The first step is to get all the functions into the module. Apparently, we need to put the stuff together. The first function is the buildModel function, which will build the LSTM model.

In [3]:
def buildModel(X_train,y_train,X_test,y_test,batch_size):
    print('Build model...')
    model = Sequential()
    #model.add(Embedding(max_features, 128, dropout=0.2))
    model.add(LSTM(128, dropout_W=0.2, dropout_U=0.2))  # try using a GRU instead, for fun
    model.add(Dense(1))
    model.add(Activation('softmax'))

    model.compile(loss='categorical-crossentropy',
                  optimizer='adam',
                  metrics=['accuracy'])

    print('Train...')
    model.fit(X_train, y_train, batch_size=batch_size, nb_epoch=10,
              validation_data=(X_test, y_test))
    score, acc = model.evaluate(X_test, y_test,
                                batch_size=batch_size)
    print('Test score:', score)
    print('Test accuracy:', acc)

Then, we need some basic function including load_review_dataset, create_dictionary, transform_text to get the dataset ready.

In [4]:
def load_review_dataset(path):
    with open(path,'r',encoding='utf8') as f:
        content = f.readlines()
    res = []
    for line in content:
        a = line.strip('.').lower().split()
        b = []
        exclude = set(string.punctuation)
        for word in a:
            word = ''.join(ch for ch in word if ch not in exclude)
            b.append(word)
        res.append(b)
    # res = [line.strip('.').lower().split() for line in content]
    return res

def create_dictionary(messages):
    tempDict = collections.defaultdict(int)
    for message in messages:
        setWords = set(message)
        for word in setWords:
            tempDict[word] += 1
    resDict = collections.defaultdict(int)
    i = 0
    for key,val in tempDict.items():
        if(val>=6):
            resDict[key] = i
            i +=1
    return resDict

def transform_text(messages, word_dictionary):
    numRows = len(messages)
    print(numRows)
    numCols = max(word_dictionary.values())+1
    print(numCols)
    resArray = np.zeros((numRows,numCols))
    for i in range(len(messages)):
        message = messages[i]
        for word in message:
            if(word in word_dictionary):
                col = word_dictionary[word]
                resArray[i][col] +=1
    return resArray

Now we need to load the dataset including the train_review, train_rate,test_review, test_rate using the function loadTrainTestDataSet().

In [5]:
def loadTrainTestDataSet():
    train_review_path = './data/train.review.txt'
    train_rate_path = './data/train.rating.txt'
    dev_review_path = './data/dev.review.txt'
    dev_rate_path = './data/dev.rating.txt'
    test_review_path = './data/test.review.txt'
    test_rate_path = './data/test.rating.txt'
    review_path = './data/review_full.txt'
    rate_path = './data/rate_full.txt'
    messages = load_review_dataset(review_path)
    word_dict = create_dictionary(messages)

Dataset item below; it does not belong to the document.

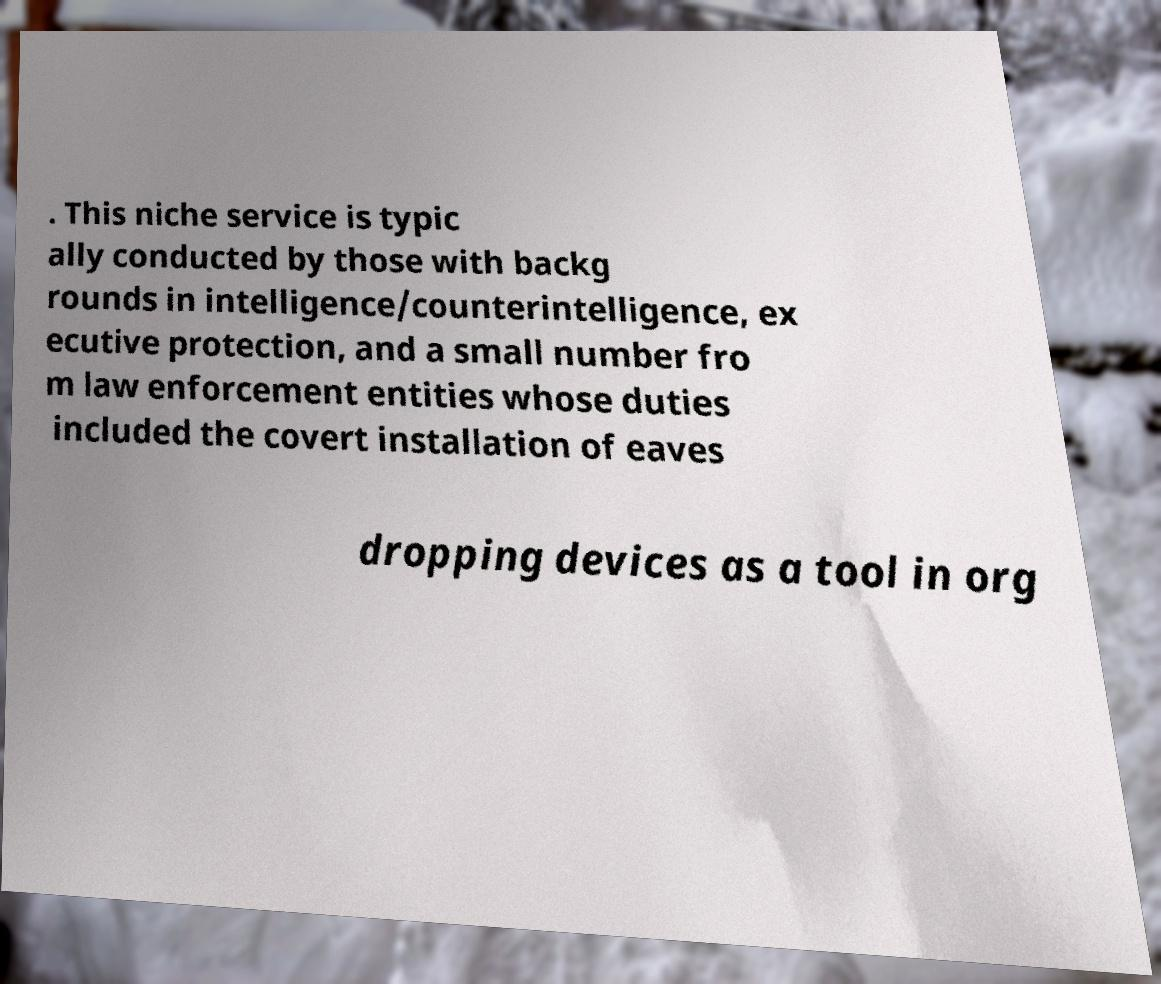Could you extract and type out the text from this image? . This niche service is typic ally conducted by those with backg rounds in intelligence/counterintelligence, ex ecutive protection, and a small number fro m law enforcement entities whose duties included the covert installation of eaves dropping devices as a tool in org

    train_messages = load_review_dataset(train_review_path)
    train_resArray = transform_text(train_messages, word_dict)
    dev_messages = load_review_dataset(dev_review_path)
    dev_resArray = transform_text(dev_messages, word_dict)
    test_messages = load_review_dataset(test_review_path)
    test_resArray = transform_text(test_messages, word_dict)

    # resArray = transform_text(messages, word_dict)
    # print('res array shape ',resArray.shape)
    # glove = getAverageGlove(messages)
    # print('glove', glove.shape)
    # To construct the training dataset
    # numOfDataPoints = len(resArray)
    # numOfTraining = int(numOfDataPoints * 0.8)
    trainingDataX = train_resArray[:, ]
    testDataX = test_resArray[:, ]
    trainRateY = pd.read_csv(train_rate_path, header=None)
    testRateY = pd.read_csv(test_rate_path, header=None)
    # print(len(traRateY))
    trainingRateY = trainRateY[:][0]
    testRateY = testRateY[:][0]
    return (trainingDataX,trainingRateY,testDataX,testRateY)

Assemble the loading dataset and building model together. 

In [6]:
def main():
    X_train,y_train,X_test,y_test = loadTrainTestDataSet()
    batch_size = 32
    buildModel(X_train, y_train, X_test, y_test, batch_size)

In [7]:
main()

21000
4223
6814
4223
6813
4223
Build model...


  """


ValueError: The first layer in a Sequential model must get an `input_shape` or `batch_input_shape` argument.